OpenMined / courses

A place where our community can discuss OpenMined Courses, including posting questions, sharing feedback, or providing comments for discussion!
http://courses.openmined.org
168 stars 74 forks source link

Split nn speedup #318

Open KeremTurgutlu opened 3 years ago

KeremTurgutlu commented 3 years ago

Description

Affected Dependencies

None.

How has this been tested?

review-notebook-app[bot] commented 3 years ago

Check out this pull request on  ReviewNB

See visual diffs & provide feedback on Jupyter Notebooks.


Powered by ReviewNB

noise-field commented 3 years ago

Hi, @KeremTurgutlu!

May I suggest another improvement to this PR? (I could have added another PR of my own, but I think resolving conflicts would be quite difficult then). The main thing that slows the computation down here is the use of batch size=1. Do you think we could get rid of this data_test_loader2 altogether and do something like (incorporating both your changes and larger batches):

imgs = []
intermediate_activations = []
total_correct = 0

model_loaded.eval()
with torch.no_grad():
    for i, (images, labels) in tqdm(enumerate(data_test_loader), total=len(data_test_loader)):  # <- note the data_test_loader here
        imgs.append(images.view(images.shape[0], -1))

        x = model_loaded.convnet(images)
        intermediate_activations.append(x.view(x.shape[0], -1))

    np.save("images", torch.cat(imgs).numpy())
    np.save("intermediate_act", torch.cat(intermediate_activations).numpy())

This will make the code run another 4 times faster.

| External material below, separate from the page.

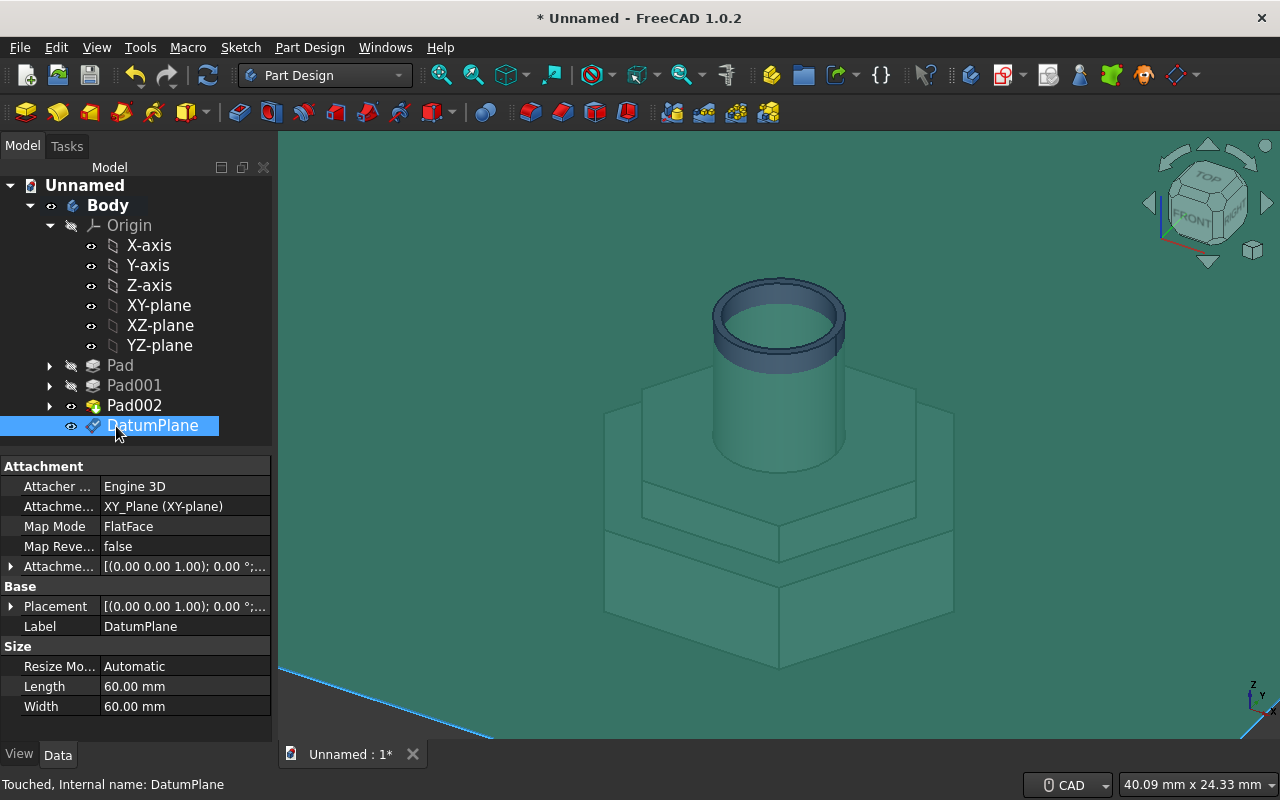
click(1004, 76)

Another suggestion is to add

np.random.seed(0)  # or any number you like

before each of the two cells that calculate MI, because as far as I can see the estimation algorithm is randomized, so the results can be different each time, especially if you only use 1000 data points. You might also want to change the expected results in the last markdown cell accordingly.

KeremTurgutlu commented 3 years ago

Thanks for the suggestion, I will update the PR once I have time!

before each of the two cells that calculate MI, because as far as I can see the estimation algorithm is randomized, so the results can be different each time, especially if you only use 1000 data points. You might also want to change the expected results in the last markdown cell accordingly.

Makes sense. I actually wanted to find another library which implements MI. If you know any feel free to share, the library used in the notebook require manual download I guess, and couldn't find it in pip or github either.